Marion wept silently, and Janet was loud in her wailings; but Minnie, to my astonishment, did not cry at all. She started back when she first saw her brother's cold, calm face, but instantly a look almost as cold and calm came over hers. She went up to him, and lifted the curls from his forehead, and kissed him, and sat down by his side, taking his hand in here, just as though he had been sleeping, and she watching him. She was not afraid to go into the spare bedroom, when he lay there, stiff and clothed in white; but would spend the whole day sitting by the corpse, and pleaded so earnestly to be allowed to stay with “brother Willie, because it would be so unkind to leave him all alone up there,” that my mother suffered her to have her meals in the sad, shaded room. It was very little that she ate. She could hardly be persuaded to come to bed, and as soon as she was dressed in the morning, she returned to her quiet post.

On the evening before the day fixed for the funeral, she had taken tea with the rest of us, and sat very silent at my mother's knee for a little time afterwards.
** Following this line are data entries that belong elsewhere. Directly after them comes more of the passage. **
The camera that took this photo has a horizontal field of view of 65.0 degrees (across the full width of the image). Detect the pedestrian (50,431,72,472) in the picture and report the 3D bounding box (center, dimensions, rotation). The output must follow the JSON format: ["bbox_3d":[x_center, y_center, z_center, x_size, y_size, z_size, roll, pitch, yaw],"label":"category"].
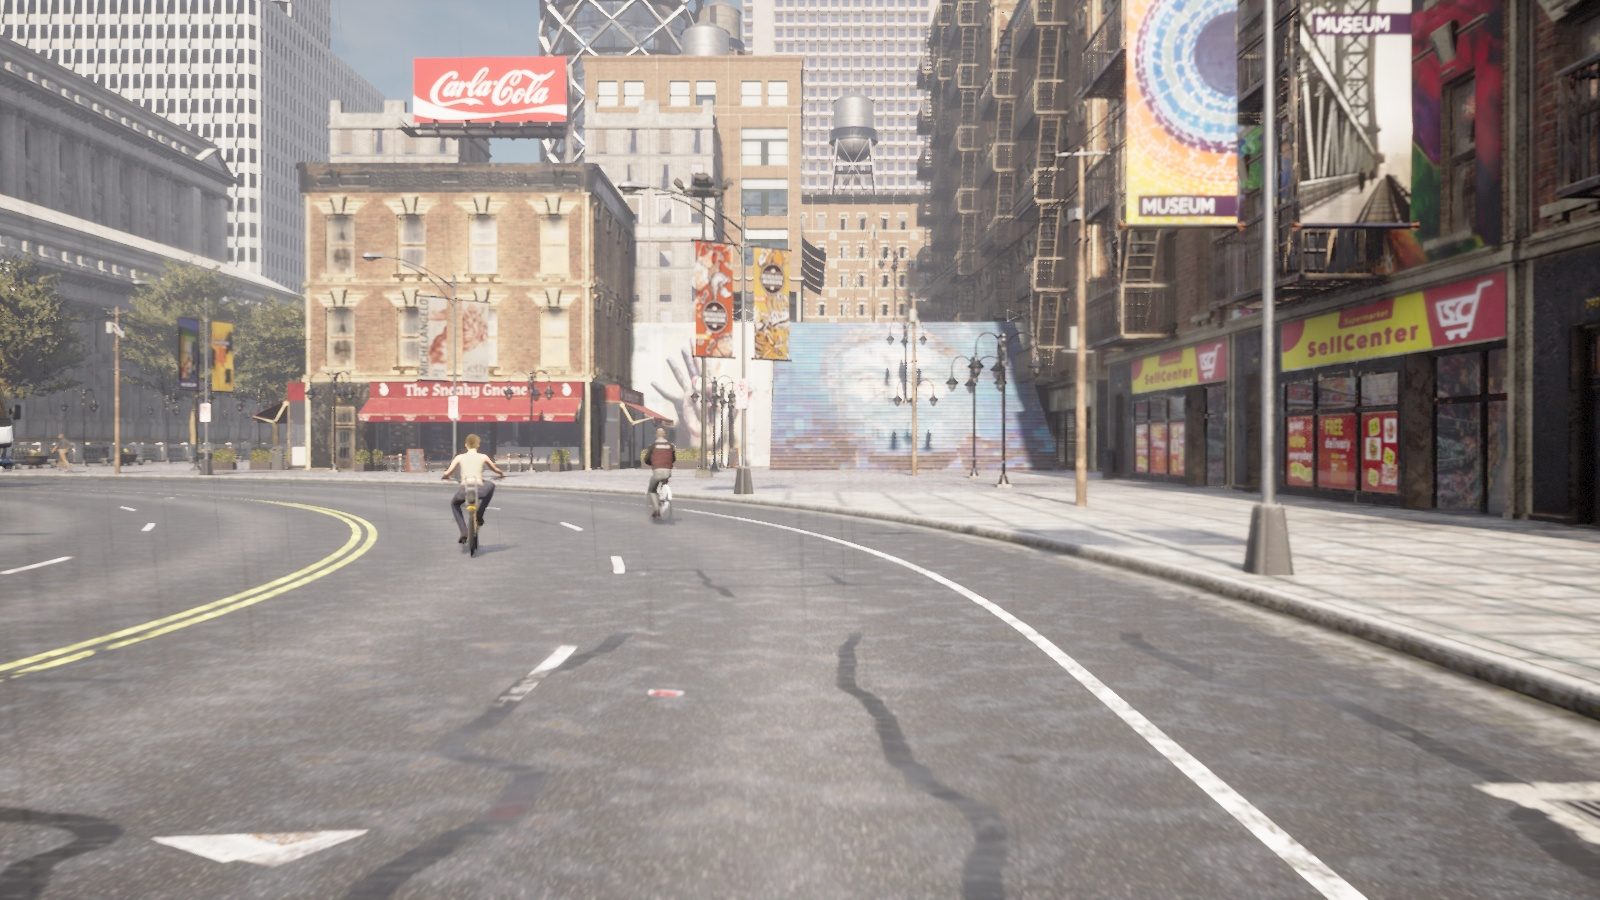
[{"bbox_3d":[-33.712,0.053,57.293,0.694,1.848,0.540,0,0,7],"label":"pedestrian"}]

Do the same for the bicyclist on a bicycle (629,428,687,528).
[{"bbox_3d":[-2.643,0.484,23.244,0.659,1.776,1.843,-1,1,-20],"label":"bicyclist on a bicycle"}]

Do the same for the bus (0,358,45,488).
[{"bbox_3d":[-31.098,-0.894,42.444,10.273,4.253,3.944,0,0,20],"label":"bus"}]

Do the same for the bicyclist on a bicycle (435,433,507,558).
[{"bbox_3d":[-4.438,0.583,17.018,0.866,1.612,1.509,-1,0,-12],"label":"bicyclist on a bicycle"}]
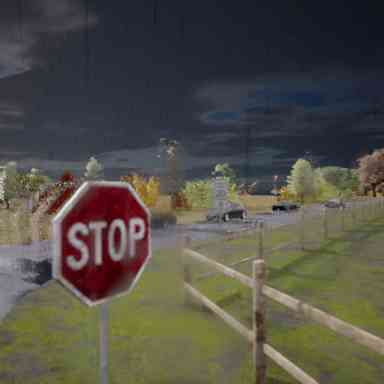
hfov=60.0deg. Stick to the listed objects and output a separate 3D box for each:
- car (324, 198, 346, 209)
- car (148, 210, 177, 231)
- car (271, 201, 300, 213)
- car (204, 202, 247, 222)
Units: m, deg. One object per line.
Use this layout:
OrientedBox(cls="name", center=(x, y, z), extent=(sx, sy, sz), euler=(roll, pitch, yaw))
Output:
OrientedBox(cls="car", center=(19.586, 1.575, 45.743), extent=(1.812, 1.442, 4.674), euler=(-1, 0, 36))
OrientedBox(cls="car", center=(-3.020, 1.733, 19.499), extent=(1.895, 1.301, 4.718), euler=(-1, 0, 36))
OrientedBox(cls="car", center=(10.901, 1.692, 38.729), extent=(1.895, 1.301, 4.718), euler=(-1, 0, 36))
OrientedBox(cls="car", center=(2.872, 1.613, 27.649), extent=(1.837, 1.490, 4.892), euler=(-1, 0, 36))
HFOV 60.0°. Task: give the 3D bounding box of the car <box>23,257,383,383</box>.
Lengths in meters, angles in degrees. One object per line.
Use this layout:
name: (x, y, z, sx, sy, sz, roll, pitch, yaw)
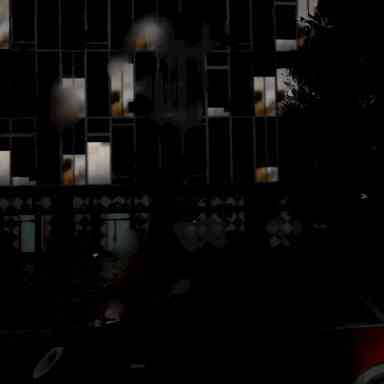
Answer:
car: (0.301, 1.576, 3.835, 4.097, 1.590, 1.967, 0, -2, -3)
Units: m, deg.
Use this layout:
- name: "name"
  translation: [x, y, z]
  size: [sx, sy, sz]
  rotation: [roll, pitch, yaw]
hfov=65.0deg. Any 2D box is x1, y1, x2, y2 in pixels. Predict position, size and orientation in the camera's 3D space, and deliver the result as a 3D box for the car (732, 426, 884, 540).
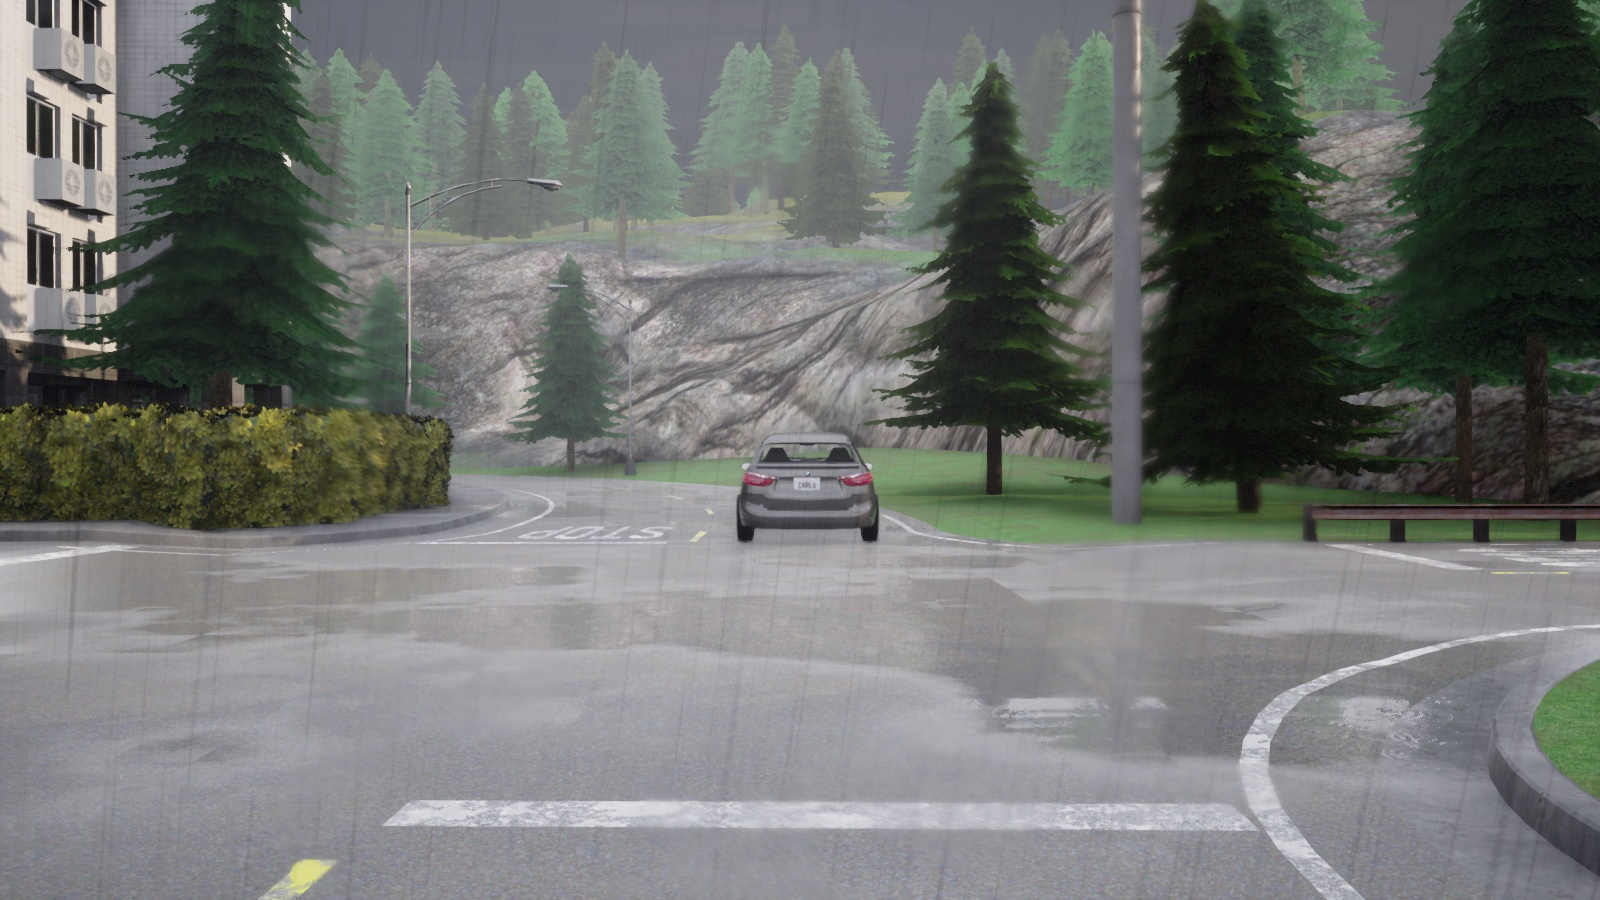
- name: "car"
  translation: [0.114, 0.474, 20.792]
  size: [2.242, 1.667, 4.611]
  rotation: [0, 0, 0]
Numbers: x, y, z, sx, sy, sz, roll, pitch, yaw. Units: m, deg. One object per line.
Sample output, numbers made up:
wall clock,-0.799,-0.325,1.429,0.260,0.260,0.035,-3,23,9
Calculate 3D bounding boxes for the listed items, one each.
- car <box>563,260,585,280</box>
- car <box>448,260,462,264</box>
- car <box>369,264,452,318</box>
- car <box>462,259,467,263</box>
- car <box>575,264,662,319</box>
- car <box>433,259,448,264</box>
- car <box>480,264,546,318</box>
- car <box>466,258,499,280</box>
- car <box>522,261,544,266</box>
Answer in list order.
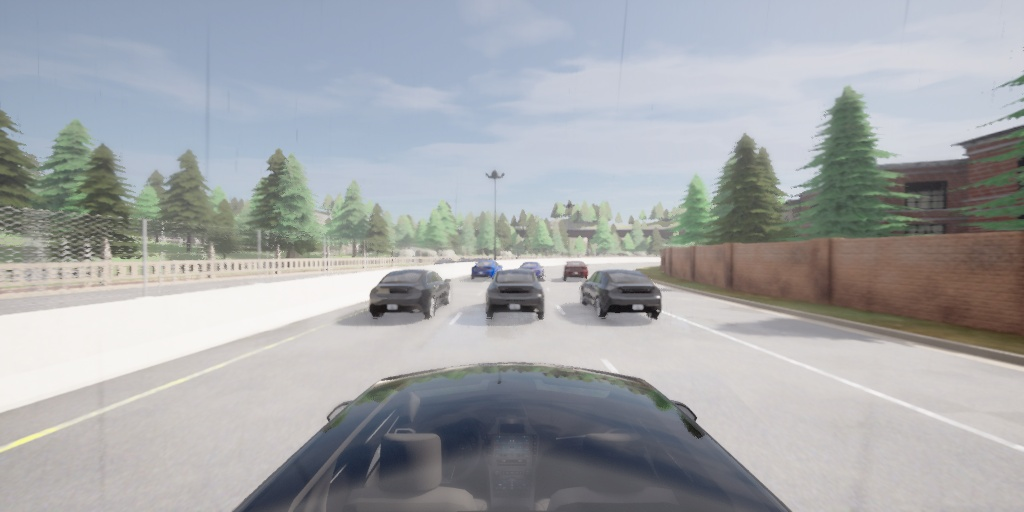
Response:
car,5.153,1.093,28.944,1.882,1.535,5.008,0,0,10
car,-6.829,1.069,51.224,1.994,1.385,4.181,0,0,21
car,-3.373,1.200,12.642,1.837,1.490,4.892,0,0,1
car,-4.413,1.025,47.680,1.837,1.490,4.892,0,1,20
car,3.626,1.201,12.625,1.837,1.490,4.892,0,0,1
car,-9.919,1.059,52.955,1.994,1.385,4.181,0,0,22
car,0.126,1.200,12.678,1.837,1.490,4.892,0,0,1
car,-1.908,1.092,29.130,1.882,1.535,5.008,0,0,10
car,1.526,1.143,28.480,1.812,1.442,4.674,0,0,10
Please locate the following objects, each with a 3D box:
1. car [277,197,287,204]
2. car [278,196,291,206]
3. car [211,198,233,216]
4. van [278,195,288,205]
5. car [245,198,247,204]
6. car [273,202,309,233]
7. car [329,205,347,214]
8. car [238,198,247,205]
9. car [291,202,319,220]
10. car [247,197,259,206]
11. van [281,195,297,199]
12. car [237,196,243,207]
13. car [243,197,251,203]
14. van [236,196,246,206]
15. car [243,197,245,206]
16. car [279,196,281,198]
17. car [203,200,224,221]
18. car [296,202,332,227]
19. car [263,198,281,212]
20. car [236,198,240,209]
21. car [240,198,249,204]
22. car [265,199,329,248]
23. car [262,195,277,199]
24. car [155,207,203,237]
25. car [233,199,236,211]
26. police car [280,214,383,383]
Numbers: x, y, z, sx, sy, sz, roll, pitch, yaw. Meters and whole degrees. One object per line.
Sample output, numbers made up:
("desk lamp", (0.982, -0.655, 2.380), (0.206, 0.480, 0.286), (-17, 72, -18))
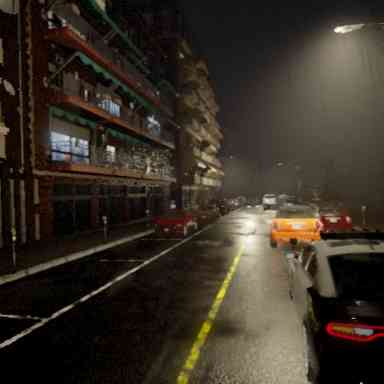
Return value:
("car", (19.452, 1.770, 72.157), (1.752, 1.417, 4.829), (-2, -1, 13))
("car", (16.988, 1.625, 61.209), (1.967, 1.590, 4.097), (-2, -1, 13))
("car", (2.752, 1.623, 36.086), (2.192, 1.841, 5.009), (-2, -1, 13))
("van", (18.196, 1.555, 66.603), (1.690, 1.788, 3.998), (-2, -1, 13))
("car", (8.819, 1.985, 63.043), (1.887, 1.381, 4.507), (-2, -1, 13))
("car", (6.113, 1.503, 21.013), (1.801, 1.575, 5.366), (-2, -1, 13))
("car", (7.294, 1.421, 18.072), (1.967, 1.590, 4.097), (-2, -1, 13))
("car", (11.244, 2.081, 73.827), (1.802, 1.307, 4.206), (-2, -1, 13))
("car", (9.722, 1.610, 28.855), (1.802, 1.307, 4.206), (-2, -1, 13))
("car", (11.754, 1.718, 63.841), (2.097, 1.767, 4.553), (-2, -1, 13))
("van", (13.349, 1.444, 45.034), (1.690, 1.788, 3.998), (-2, -1, 13))
("car", (6.392, 1.825, 52.260), (1.967, 1.590, 4.097), (-2, -1, 13))
("car", (14.879, 2.156, 90.003), (1.947, 1.339, 4.313), (-2, -1, 13))
("van", (10.024, 1.810, 68.439), (1.690, 1.788, 3.998), (-2, -1, 13))
("car", (7.608, 1.978, 57.651), (1.947, 1.339, 4.313), (-2, -1, 13))
("car", (14.605, 1.656, 50.589), (1.752, 1.417, 4.829), (-2, -1, 13))
("car", (1.510, 1.808, 30.526), (1.752, 1.417, 4.829), (-2, -1, 13))
("car", (8.546, 1.531, 23.629), (1.752, 1.417, 4.829), (-2, -1, 13))
("car", (9.919, 1.767, 41.842), (1.895, 1.301, 4.718), (-2, -1, 13))
("car", (5.184, 1.909, 46.868), (2.008, 1.369, 4.403), (-2, -1, 13))
("car", (12.455, 2.111, 79.218), (1.802, 1.307, 4.206), (-2, -1, 13))
("car", (4.633, 1.377, 15.012), (2.097, 1.767, 4.553), (-2, -1, 15))
("car", (12.545, 1.446, 53.704), (2.150, 2.045, 5.566), (-2, -1, 13))
("car", (-0.875, 1.781, 19.907), (1.887, 1.381, 4.507), (-2, -1, 13))
("car", (3.973, 1.883, 41.475), (2.008, 1.369, 4.403), (-2, -1, 13))
("police car", (2.600, 1.406, 5.319), (1.930, 1.638, 5.238), (-2, -1, 13))
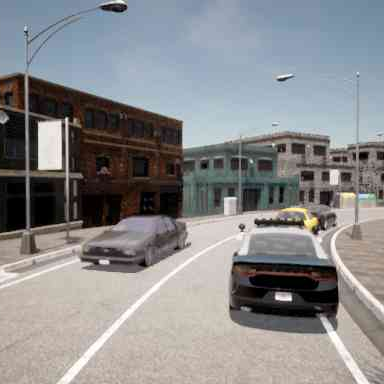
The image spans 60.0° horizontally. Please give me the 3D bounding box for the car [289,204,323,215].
[{"bbox_3d":[5.186,1.466,16.560,1.801,1.575,5.366,1,0,26],"label":"car"}]

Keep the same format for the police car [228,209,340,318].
[{"bbox_3d":[2.003,1.426,7.706,1.930,1.638,5.238,0,0,13],"label":"police car"}]

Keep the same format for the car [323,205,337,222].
[{"bbox_3d":[7.923,1.530,21.234,1.837,1.490,4.892,1,0,34],"label":"car"}]

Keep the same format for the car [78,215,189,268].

Suddenly she got up, and kissed us all; and then said, “Mamma, may I bid Papa good night?” I crept up behind them when they went up-stairs, and saw Minnie playing with my father's hair and patting his cheek, as he pressed her fondly to his breast. Fearing she might weary him, my mother lifted her off the bed, kissed her, and told her to go down to her sisters. I waited for her to come out, as I did not like to pass the room where Willie was lying by myself. When she came to the dreaded door, she said “Good night, dear Arthur! Kiss me a many times!” She hugged me in her tiny arms, and then went in; whilst I hurried down to the lights below. The servant went up at eight, to put her to bed; and found her with her arms round her brother's neck—in as sound a sleep as his!

The funeral was deferred for a day, and the Twins lie buried in one grave.